Não terminou as suas férias. Convocadas eleições gerais na Grã-Bretanha, a estada foi interrompida e Churchill regressou por mar para fazer campanha — deixando a baía, e o cavalete, para outro ano.

Uma única ilha, um único livro de visitas, e um século inteiro a virar as suas páginas. O registo

Shaw aprende a dançar o tango

Um quarto de século antes, o dramaturgo George Bernard Shaw tinha desembarcado na Madeira a 30 de dezembro de 1924 e ficou até fevereiro de 1925. Tinha sessenta e oito anos. Entre o ar do mar e a pista de dança, recebeu lições de tango do professor de dança do Reid's — e, em gratidão, deixou ao homem uma fotografia autografada. A dedicatória, que sobreviveu, diz assim: “ao único homem que alguma vez me ensinou algo” (“to the only man who ever taught me anything”).

A pipa intacta de Napoleão

O mais famoso hóspede da ilha nunca chegou a desembarcar. No final do verão de 1815 o HMS Northumberland, que levava o derrotado Napoleão para o exílio em Santa Helena, ancorou ao largo do Funchal a 23–25 de agosto. O único madeirense autorizado a subir a bordo foi Henry Veitch, o cônsul britânico escocês e comerciante de vinho, que enviou fruta e uma pipa de Madeira — um grande casco de cerca de seiscentas garrafas. Enjoado e indiferente, Napoleão nunca a abriu.

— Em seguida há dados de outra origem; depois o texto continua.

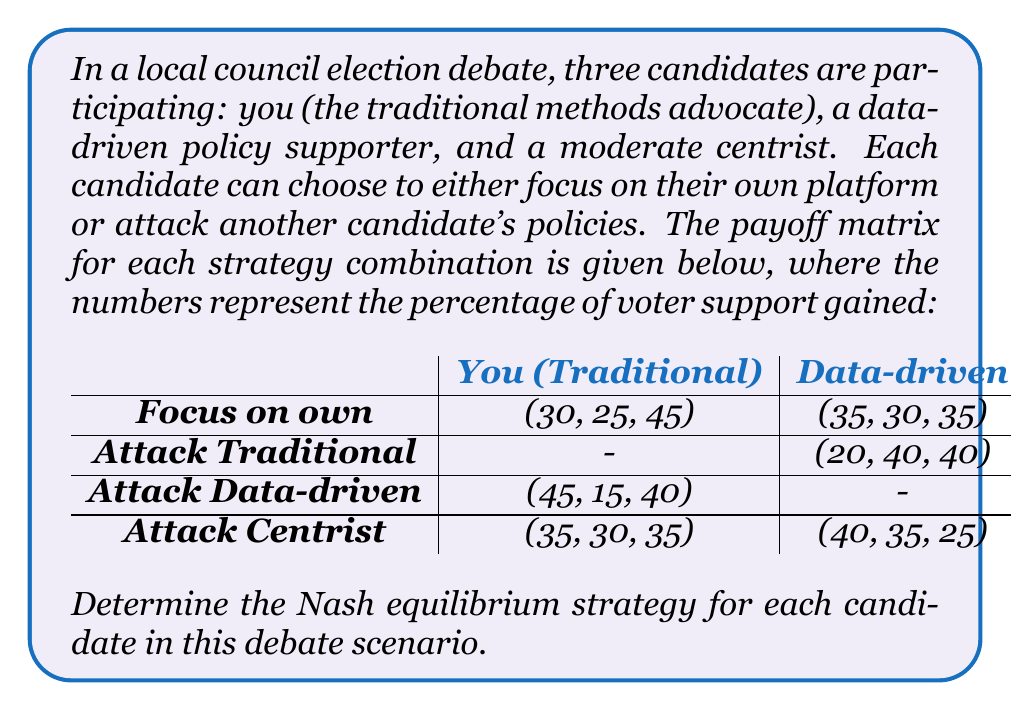Give your solution to this math problem. To find the Nash equilibrium, we need to analyze each candidate's best response to the other candidates' strategies. Let's go through this step-by-step:

1. For you (Traditional candidate):
   - If Data-driven focuses on own: Best response is to focus on own (30 > 25)
   - If Data-driven attacks Traditional: Best response is to focus on own (30 > 20)
   - If Centrist focuses on own: Best response is to attack Data-driven (45 > 40 > 35 > 30)
   - If Centrist attacks Traditional: Best response is to focus on own (30 > 25)

2. For Data-driven candidate:
   - If Traditional focuses on own: Best response is to attack Traditional (40 > 30 > 25)
   - If Traditional attacks Data-driven: Best response is to focus on own (30 > 15)
   - If Centrist focuses on own: Best response is to attack Centrist (35 > 30 > 20)
   - If Centrist attacks Data-driven: Best response is to focus on own (30 > 25)

3. For Centrist candidate:
   - If Traditional focuses on own: Best response is to focus on own (45 > 40 > 35)
   - If Traditional attacks Data-driven: Best response is to focus on own (40 > 35)
   - If Data-driven focuses on own: Best response is to focus on own (35 > 25)
   - If Data-driven attacks Traditional: Best response is to focus on own (40 > 25)

Analyzing these best responses, we can see that the only strategy combination where all candidates are playing their best response simultaneously is when:
- You (Traditional) focus on your own platform
- Data-driven focuses on their own platform
- Centrist focuses on their own platform

This combination results in the payoff (35, 30, 35), where no candidate can unilaterally improve their position by changing their strategy.
Answer: The Nash equilibrium for this debate scenario is:
You (Traditional): Focus on own platform
Data-driven: Focus on own platform
Centrist: Focus on own platform
Resulting in payoffs: (35%, 30%, 35%) 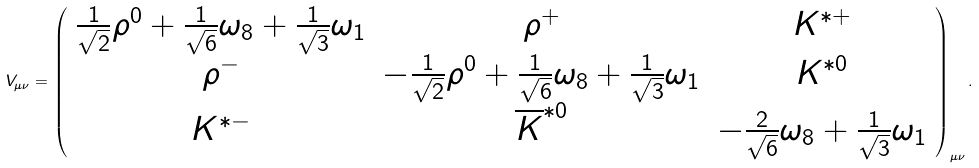<formula> <loc_0><loc_0><loc_500><loc_500>V _ { \mu \nu } = \left ( { \begin{array} { * { 3 } c } { \frac { 1 } { \sqrt { 2 } } \rho ^ { 0 } + \frac { 1 } { \sqrt { 6 } } \omega _ { 8 } + \frac { 1 } { \sqrt { 3 } } \omega _ { 1 } } & { \rho ^ { + } } & { K ^ { \ast + } } \\ { \rho ^ { - } } & { - \frac { 1 } { \sqrt { 2 } } \rho ^ { 0 } + \frac { 1 } { \sqrt { 6 } } \omega _ { 8 } + \frac { 1 } { \sqrt { 3 } } \omega _ { 1 } } & { K ^ { \ast 0 } } \\ { K ^ { \ast - } } & { \overline { K } ^ { \ast 0 } } & { - \frac { 2 } { \sqrt { 6 } } \omega _ { 8 } + \frac { 1 } { \sqrt { 3 } } \omega _ { 1 } } \\ \end{array} } \right ) _ { \mu \nu } .</formula> 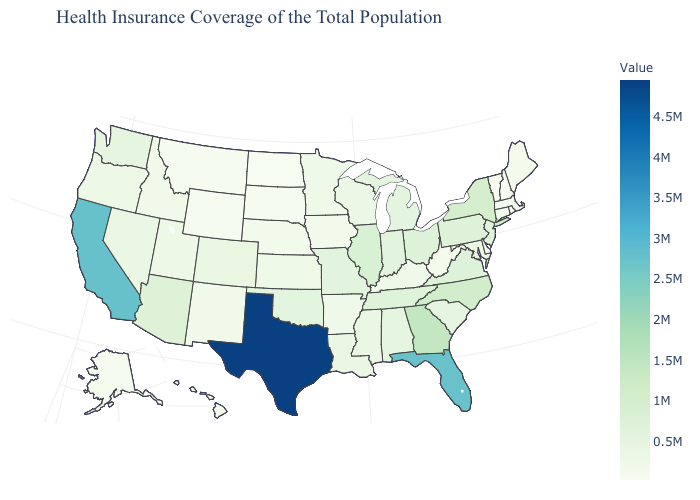Among the states that border Utah , does New Mexico have the highest value?
Concise answer only. No. Among the states that border Tennessee , does Kentucky have the lowest value?
Keep it brief. Yes. Does Florida have a higher value than Texas?
Give a very brief answer. No. Does Texas have the highest value in the USA?
Concise answer only. Yes. Among the states that border Wisconsin , does Michigan have the lowest value?
Give a very brief answer. No. Which states have the highest value in the USA?
Short answer required. Texas. 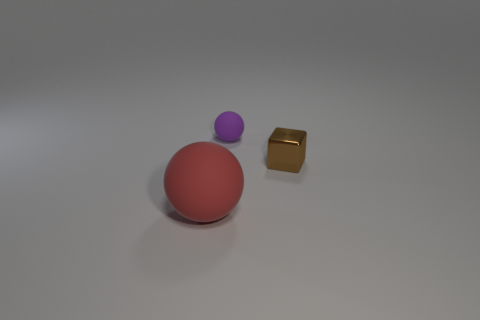Add 2 purple spheres. How many objects exist? 5 Subtract all spheres. How many objects are left? 1 Subtract 0 red blocks. How many objects are left? 3 Subtract all big balls. Subtract all red things. How many objects are left? 1 Add 3 small cubes. How many small cubes are left? 4 Add 3 spheres. How many spheres exist? 5 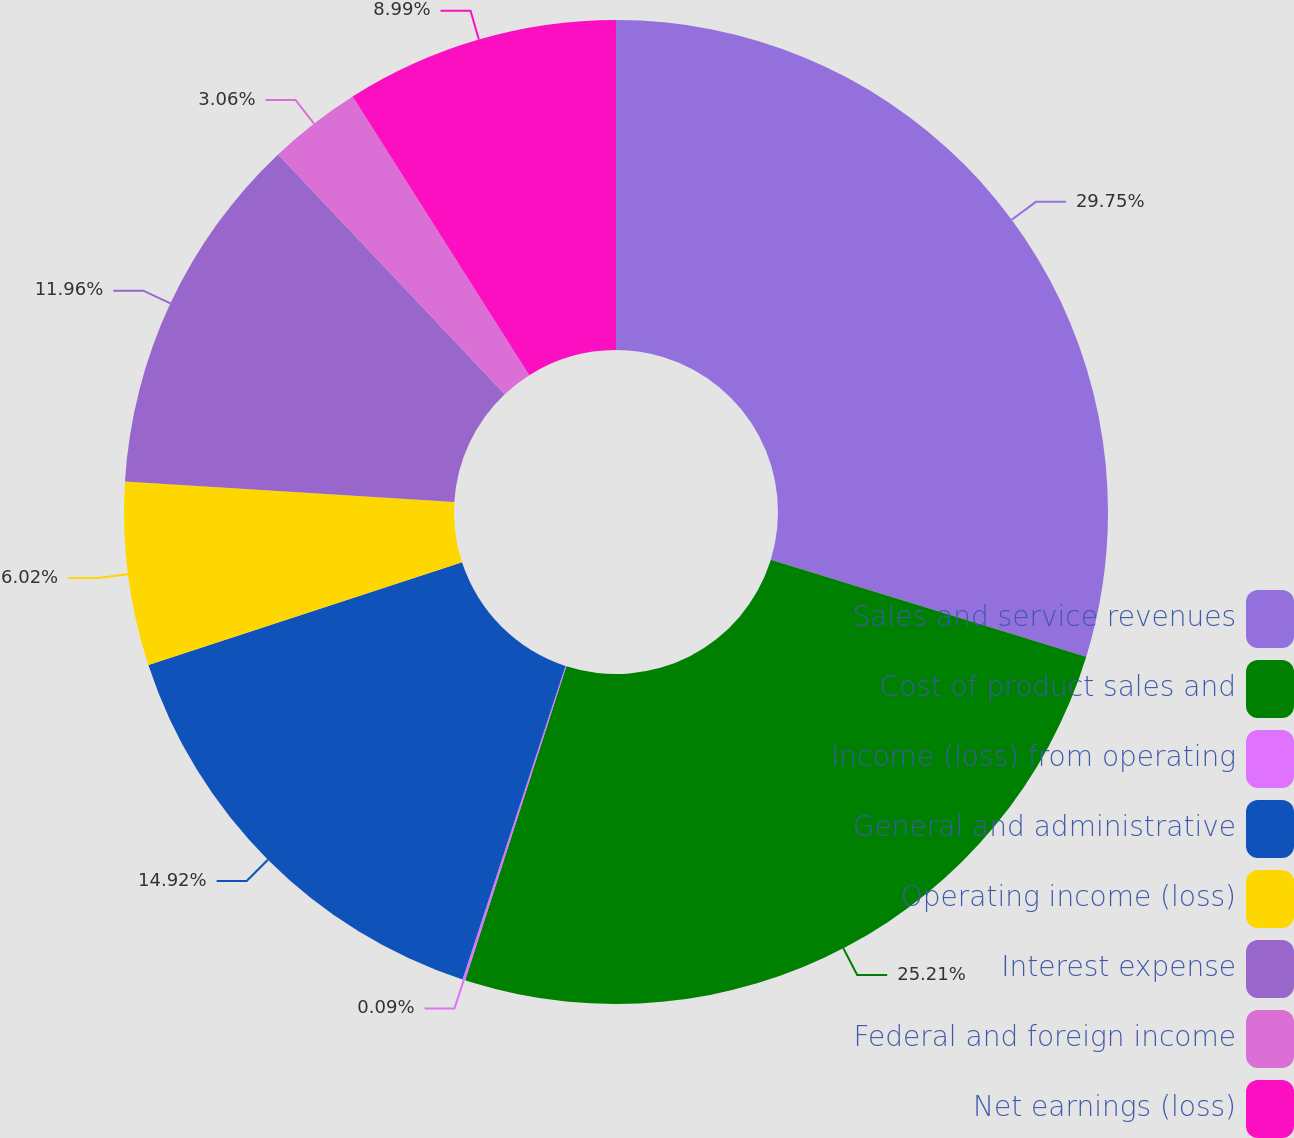<chart> <loc_0><loc_0><loc_500><loc_500><pie_chart><fcel>Sales and service revenues<fcel>Cost of product sales and<fcel>Income (loss) from operating<fcel>General and administrative<fcel>Operating income (loss)<fcel>Interest expense<fcel>Federal and foreign income<fcel>Net earnings (loss)<nl><fcel>29.75%<fcel>25.21%<fcel>0.09%<fcel>14.92%<fcel>6.02%<fcel>11.96%<fcel>3.06%<fcel>8.99%<nl></chart> 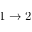<formula> <loc_0><loc_0><loc_500><loc_500>1 \to 2</formula> 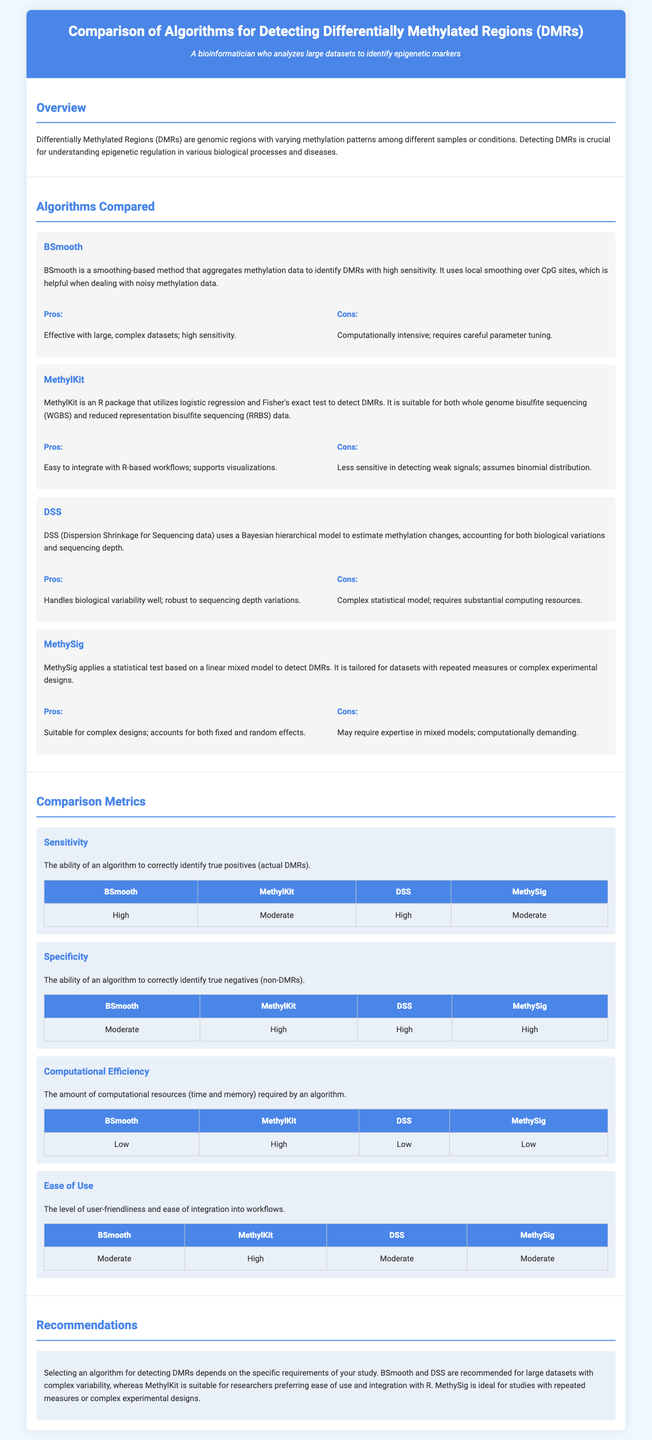What is the primary focus of the infographic? The primary focus is on comparing algorithms for detecting differentially methylated regions (DMRs).
Answer: Detecting differentially methylated regions (DMRs) Which algorithm is known for its high sensitivity? BSmooth and DSS both have high sensitivity according to the comparison metrics.
Answer: BSmooth, DSS What does MethylKit primarily utilize to detect DMRs? MethylKit uses logistic regression and Fisher's exact test for detecting DMRs.
Answer: Logistic regression and Fisher's exact test What is a key advantage of using DSS? DSS handles biological variability well, making it a robust option for analysis.
Answer: Handles biological variability Which algorithm has a high ease of use rating? MethylKit has a high ease of use rating as per the comparison metrics.
Answer: MethylKit What is the computational efficiency rating for MethylKit? MethylKit is rated high in terms of computational efficiency.
Answer: High Which algorithm is recommended for studies with repeated measures? MethySig is identified as ideal for studies with repeated measures or complex experimental designs.
Answer: MethySig What is the general recommendation for large datasets? BSmooth and DSS are recommended for large datasets with complex variability.
Answer: BSmooth and DSS What is the specificity rating for BSmooth? The specificity rating for BSmooth is moderate according to the table.
Answer: Moderate

Segundo a tradição da ilha, diz-se que o imperador pagou o vinho em moedas de ouro, que se diz que Veitch enterrou sob a pedra angular da igreja anglicana do Funchal. Essa parte é lenda, mais repetida do que provada. A pipa, porém, está documentada: após a morte de Napoleão o vinho regressou à Madeira e acabou por ser engarrafado, tornando-se fabulosamente raro — e Churchill, garante o registo, terá bebido uma garrafa dele no Reid's em 1950, fechando um círculo de século e meio de largura.

Que tal vinho devesse ter viajado até Santa Helena e de volta é coisa apropriada. A Madeira era o vinho de eleição da Grã-Bretanha georgiana e da Regência e das colónias americanas, transportado através do Atlântico por velhas casas britânicas como a Blandy's, fundada em 1811. A garrafa no camarote do imperador era, à sua maneira, a coisa mais comum a bordo.

Fontes & notas

Compilado a partir de registos públicos dos hotéis da ilha e dos seus hóspedes. Onde um pormenor assenta na tradição da ilha e não na documentação — sobretudo o ouro enterrado de Napoleão — fica assinalado como tal acima. As datas e os pormenores seguem o registo publicado.